Would you like to learn this skill?  If so, here's what you do. 

  • Accurately mark off a 100-foot (30-meter) course. 
  • Walk normally over the course at least three times counting the number of paces you take during the three times you walk the course.  One pace is the amount of distance a person covers in two steps. 

The total distance walked divided by the number of paces taken is equal to the number of feet per pace (meters per pace).  For example, if you walked the course three times and took 150 paces, then 300 feet/150 paces = 2 feet per pace.

If you wanted to calculate your pace in meters and walking 90 meters required 150 paces, then 90/150 = 0.6 meters per pace.  Using this technique, you can estimate distances in the environment.  You can check your accuracy by measuring the length of a building, sidewalk, or hallway.  Then walk the distance, count your paces and estimate the distance.  If you consistently obtain a result that is inaccurate, recheck your pace on the 100-foot (30-meter) course. 

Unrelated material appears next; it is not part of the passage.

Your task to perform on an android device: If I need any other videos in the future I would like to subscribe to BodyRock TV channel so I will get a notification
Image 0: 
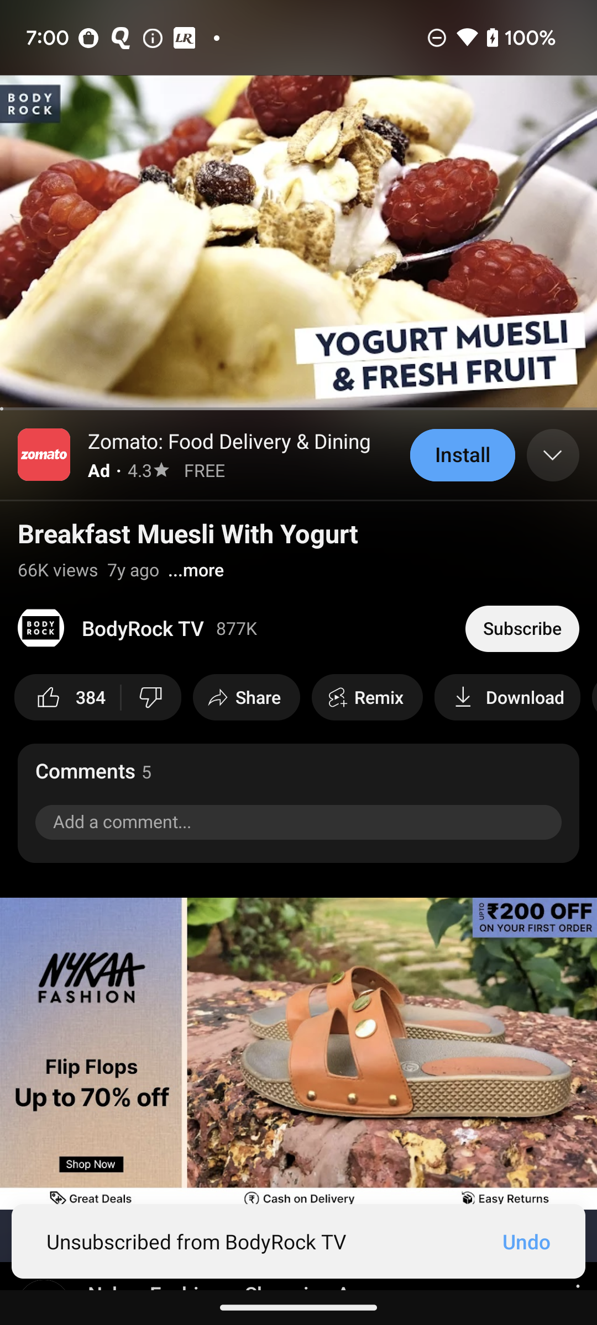
Click on the Subscribe button at the right of the screen
Step 0: click (522, 628)

Using knowledge of their feet per pace, Lewis, Clark and expedition members could come very close to accurately calculating distance traveled, distance between landmarks and so on.  Knowing these distances was essential to developing a map.

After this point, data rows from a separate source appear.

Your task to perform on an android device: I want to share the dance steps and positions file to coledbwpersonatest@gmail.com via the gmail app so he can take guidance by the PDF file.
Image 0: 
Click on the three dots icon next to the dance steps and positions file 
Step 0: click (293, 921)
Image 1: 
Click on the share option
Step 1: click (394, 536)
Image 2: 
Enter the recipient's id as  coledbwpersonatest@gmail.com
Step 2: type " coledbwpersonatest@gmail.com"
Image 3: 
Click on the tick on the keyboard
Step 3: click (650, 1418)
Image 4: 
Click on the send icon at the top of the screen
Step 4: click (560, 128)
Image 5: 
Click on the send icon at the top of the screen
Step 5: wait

Use the pacing method to determine the length and width of your classroom.

What problems might occur in calculating distances using the pacing method?

Estimating Height

Another important skill that Lewis, Clark, and other expedition members needed was the ability to estimate the height of objects.  Why was this an important skill?

If you can estimate distance and height, you are better able to create a map.  Estimating distance and height will also help you determine your location on a map.

There are different methods that can be used to estimate height:

  • the pencil method,
  • the shadow method, and
  • the head-to-ground method.

Estimating Height  The Pencil Method

To use the pencil method, you need a friend who knows his or her height and a pencil.  Then do the following.

  • Choose an object that you want to measure–maybe a tree in the backyard. 
  • Have a friend who knows his or her height stand close to the tree. 
  • Hold a pencil in your hand and extend your arm fully so that your elbow is locked.
  • Line up the top of the pencil with your friend's head.
  • Place your thumb on the pencil to line up with your friend's feet.
  • Now the pencil represents the scaled height of your friend standing against the object. 
  • See how many pencil lengths it takes to reach the top of the tree. 
  • If the person standing next to the tree is six-feet-tall (182 cm) and it takes six pencil lengths to reach the top of the tree, the tree is approximately 36 feet (1092 meters) high. 

Estimating Height The Shadow Method

To estimate height using this method, you will need two yardsticks or metersticks and a sunny day.  Then do the following.

  • Choose an object to measure such as a tree. 
  • Place a yardstick (meterstick) perpendicular to the ground and measure the length of the yardstick´s shadow. 
  • Measure the length of the tree's shadow.  Now you can use the formula below to estimate the height of the tree.

shadow of the tree  =  object height
shadow of the stick       stick height

Here's an example.

If a tree has a shadow that measures 12 feet and the yardstick has a shadow of 1 foot, then:

12 feet = tree height
1 foot         3 feet  

12 x 3 = tree height

The tree is 36 feet high.

Estimating Height Head to Ground Method

To use this method, you need to know your feet per pace.  Then do the following.

  • Choose the item you want to measure such as a tree. 
  • Stand with your back to the tree and several paces away from the tree.  Bend forward and touch your head to the ground (or get as close as you can). 
  • Look backward through your legs. 
  • If you can't JUST see the top of the tree, move further from the tree or closer to the tree and try again. 
  • When you can JUST see the top of the tree, its height will be about the same distance as the distance you are standing from the tree. 
  • Turn around and count the paces back to the object.  Then use the distance of your pace (feet per pace) to determine the height of the tree.

Try estimating the height of the same tree using each method.  Were the estimates pretty close?